A massive network of promoters in North America, termed the “Bitconnect Referral Program,” is believed to have been handled by Arcaro, who is accused of running a pyramid scheme.
It is estimated that he gained roughly 15 percent for each investment he made into BitConnect’s loan scheme. He also took a percentage of all investments through a concealed “slush” fund.
During his trial, the former promoter admitted to earning over $24 million through fraudulent operations and was compelled to repay the entire sum to investors.
As Special Agent in Charge Ryan L. Korner of the IRS Criminal Investigations (IRS-CI) Los Angeles Field Office explained.

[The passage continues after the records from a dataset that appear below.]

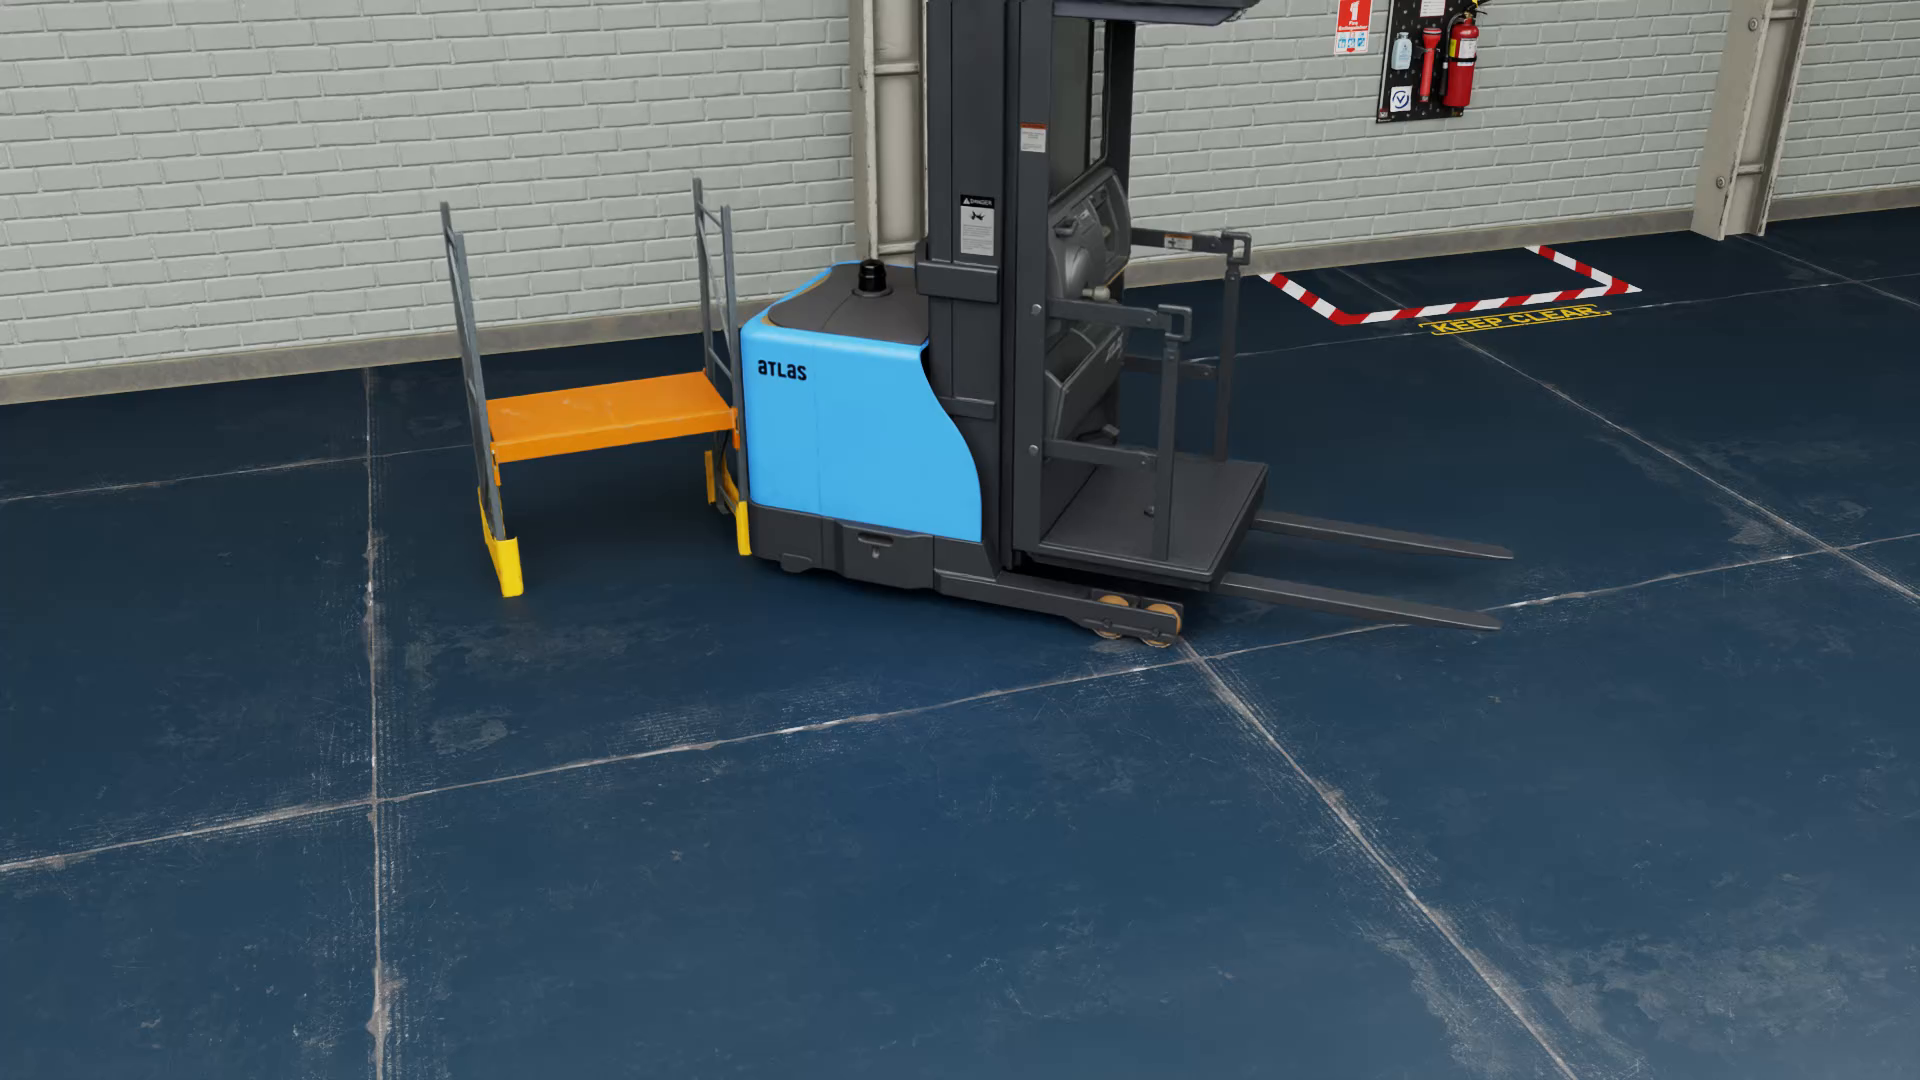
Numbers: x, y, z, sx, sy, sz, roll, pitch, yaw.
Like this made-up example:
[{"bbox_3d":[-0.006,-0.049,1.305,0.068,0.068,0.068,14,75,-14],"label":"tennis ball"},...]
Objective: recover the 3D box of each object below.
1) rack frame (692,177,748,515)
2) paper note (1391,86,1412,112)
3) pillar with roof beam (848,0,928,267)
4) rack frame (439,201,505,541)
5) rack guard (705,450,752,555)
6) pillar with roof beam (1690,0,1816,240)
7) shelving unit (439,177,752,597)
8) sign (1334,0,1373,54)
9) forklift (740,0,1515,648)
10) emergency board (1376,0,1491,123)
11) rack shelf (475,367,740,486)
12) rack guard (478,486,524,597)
[{"bbox_3d":[-1.006,-0.732,7.037,0.032,1.500,0.500,-10,28,-20],"label":"rack frame"},{"bbox_3d":[2.773,-2.772,10.451,0.142,0.148,0.016,-8,28,-16],"label":"paper note"},{"bbox_3d":[0.953,-3.527,4.234,0.400,9.000,9.100,-8,28,-16],"label":"pillar with roof beam"},{"bbox_3d":[-1.948,-0.562,6.696,0.032,1.500,0.500,-10,28,-20],"label":"rack frame"},{"bbox_3d":[-1.007,-0.172,7.315,0.087,0.250,0.587,-10,28,-20],"label":"rack guard"},{"bbox_3d":[6.658,-4.353,5.898,0.400,9.000,9.100,-8,28,-16],"label":"pillar with roof beam"},{"bbox_3d":[-1.468,-0.649,6.870,1.083,1.500,0.587,-10,28,-20],"label":"shelving unit"},{"bbox_3d":[2.405,-3.145,10.172,0.234,0.329,0.001,-8,28,-16],"label":"sign"},{"bbox_3d":[0.685,-1.165,6.300,3.031,2.935,1.130,10,28,19],"label":"forklift"},{"bbox_3d":[2.963,-3.162,10.246,0.643,1.169,0.194,-8,28,-16],"label":"emergency board"},{"bbox_3d":[-1.477,-0.486,6.947,1.000,0.185,0.538,-10,28,-20],"label":"rack shelf"},{"bbox_3d":[-1.930,-0.006,6.980,0.087,0.250,0.587,-10,28,-20],"label":"rack guard"}]

Arcaro took advantage of the rise of cryptocurrency markets by enticing innocent investors around the world to invest early by promising them guaranteed returns, and by utilizing the internet and social media to reach a larger pool of victims more quickly and easily.
Charges levied by the SEC
SEC accusations filed today are directed at BitConnect, its creator Satish Kumbhani, former director Arcaro and Future Money Ltd, a company founded by Arcaro in Hong Kong and incorporated under the laws of the United Kingdom.

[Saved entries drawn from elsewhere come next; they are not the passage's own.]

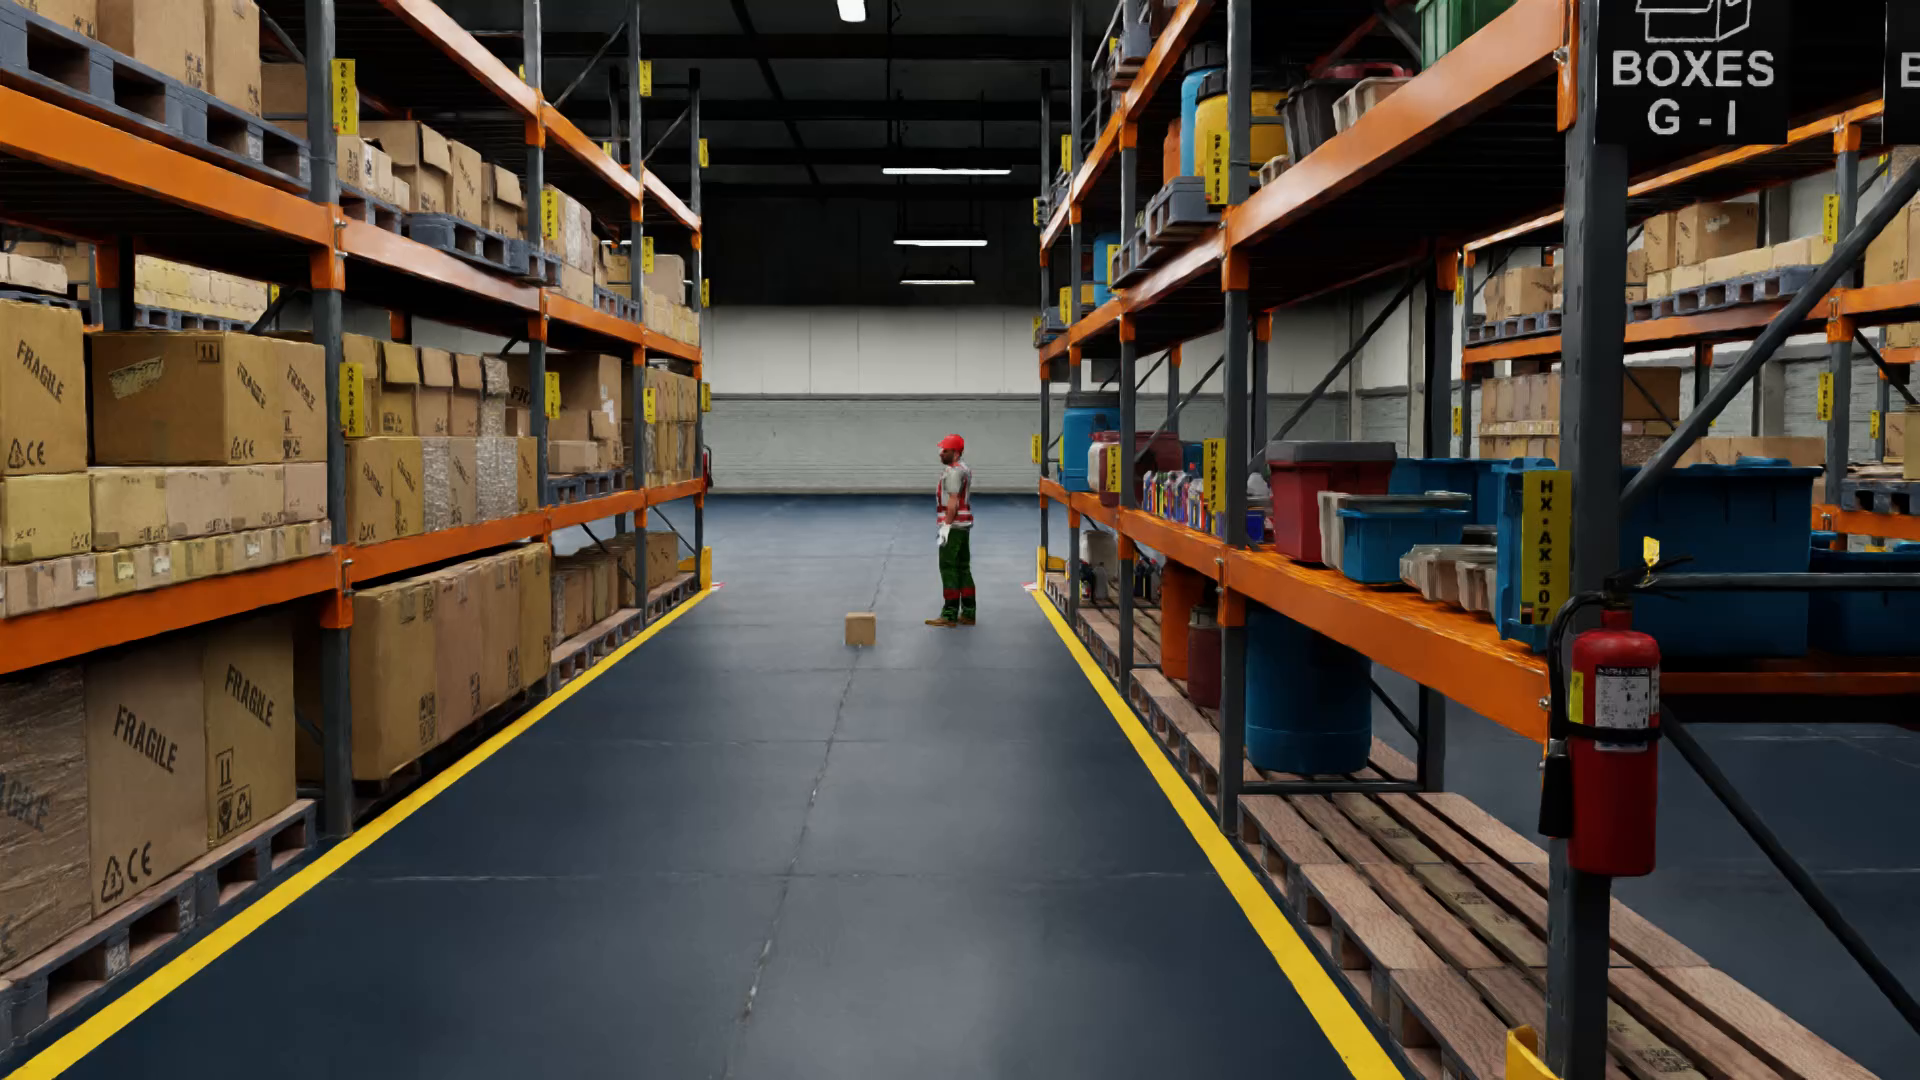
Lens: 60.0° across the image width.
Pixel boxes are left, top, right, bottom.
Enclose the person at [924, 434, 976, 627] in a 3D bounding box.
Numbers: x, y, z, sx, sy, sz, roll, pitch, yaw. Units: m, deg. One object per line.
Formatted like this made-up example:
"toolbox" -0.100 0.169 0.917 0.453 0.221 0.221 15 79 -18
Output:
"person" -0.082 -0.095 15.524 0.420 1.792 0.622 1 4 13
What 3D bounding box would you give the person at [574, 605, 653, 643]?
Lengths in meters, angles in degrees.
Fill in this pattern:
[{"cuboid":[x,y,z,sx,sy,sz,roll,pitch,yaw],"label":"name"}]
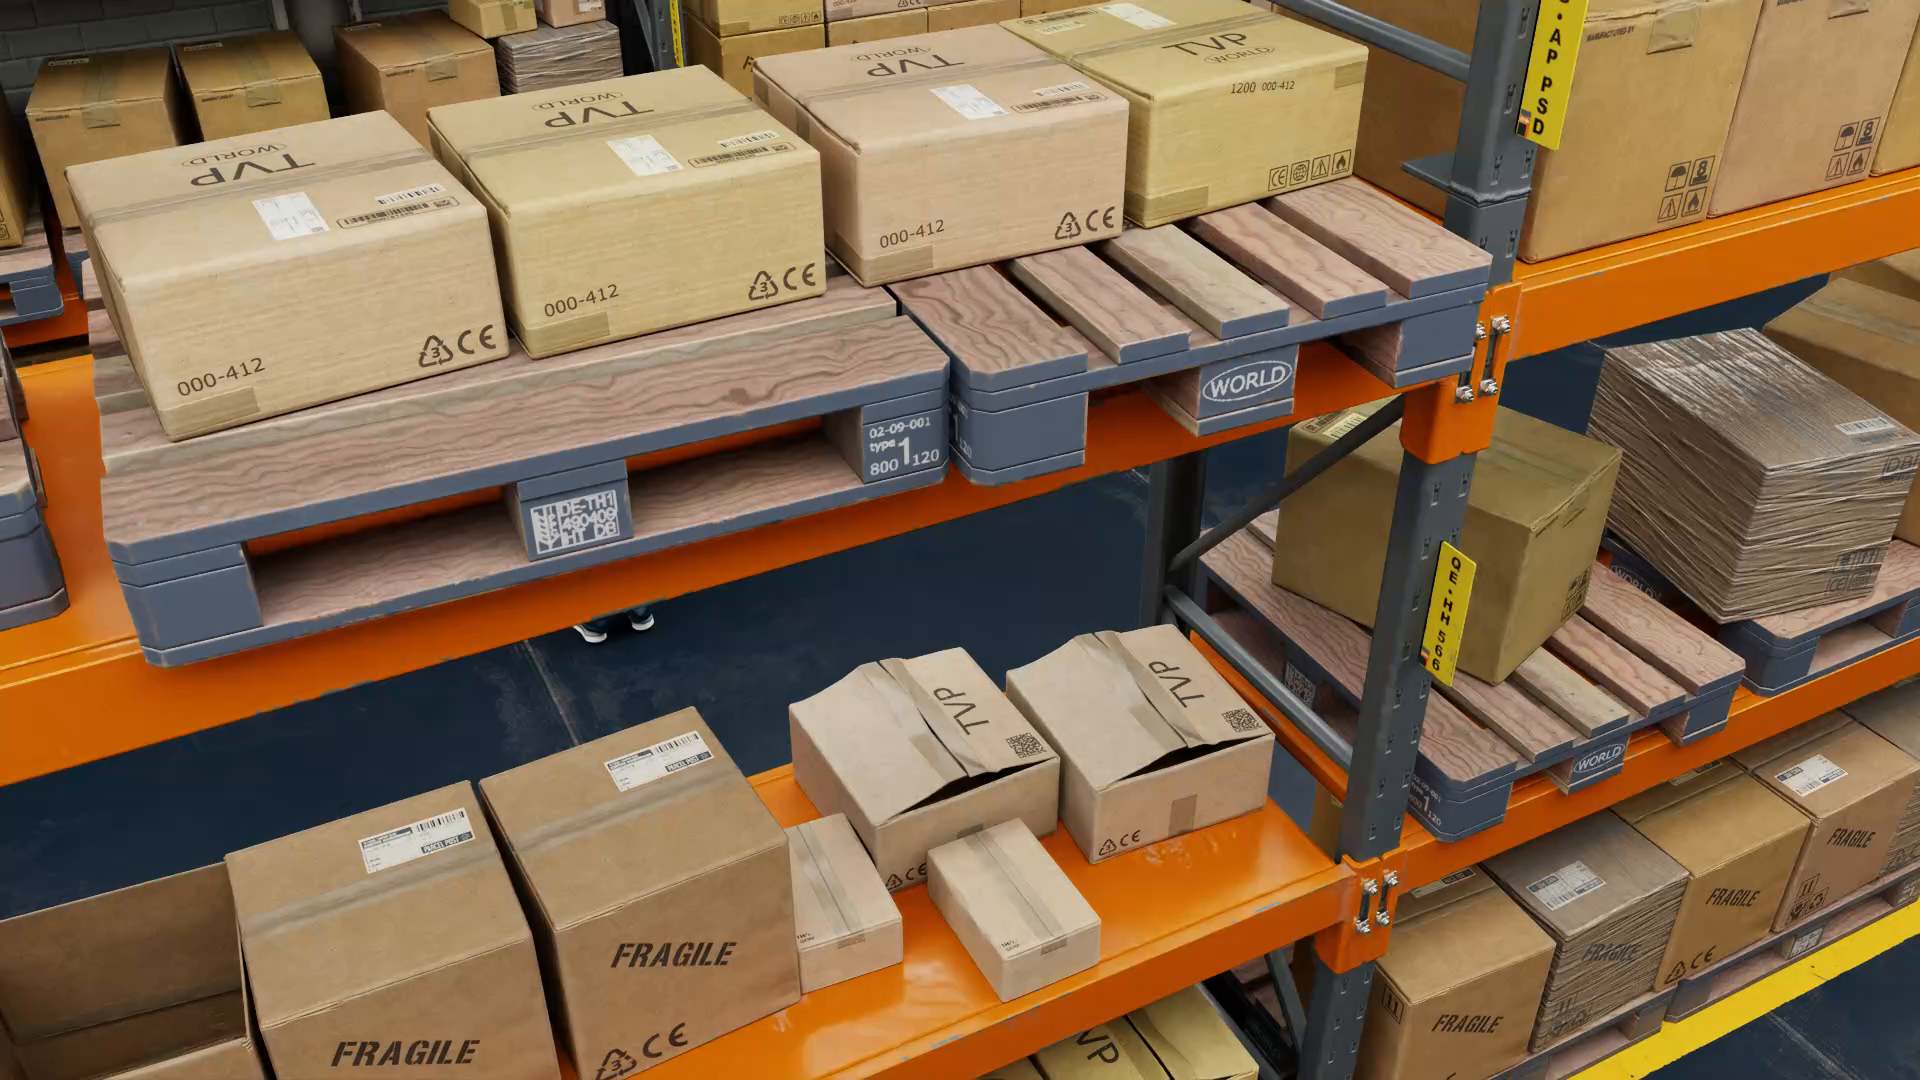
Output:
[{"cuboid":[-1.504,-0.332,6.659,0.405,1.585,0.500,-16,37,-22],"label":"person"}]

A complaint filed on September 1 claims that the defendants engaged in a fraudulent and unregistered securities offering through BitConnect’s lending platform between 2017 and 2018, which resulted in the generation of roughly 325,000 Bitcoin (BTC) worth $2 billion at the time of the offering.
Today, we announced that we have filed an action against an online crypto lending platform, its founder, and its top U.S. promoter and his affiliated company.
They allegedly defrauded retail investors out of $2 billion!
More:https://t.co/gO10Ag0tfh pic.twitter.com/XghdUBqaCz— SEC (@SECGov) September 1, 2021
User funds were duped into investing in the lending platform, according to the complaint, by claims that BitConnect’s trading bot would generate guaranteed returns of 40 percent a month.
The complaint also accuses BitConnect of posting “fictitious returns” on its website, which amounted to an average of 1 percent per day, or 3,700 percent annually.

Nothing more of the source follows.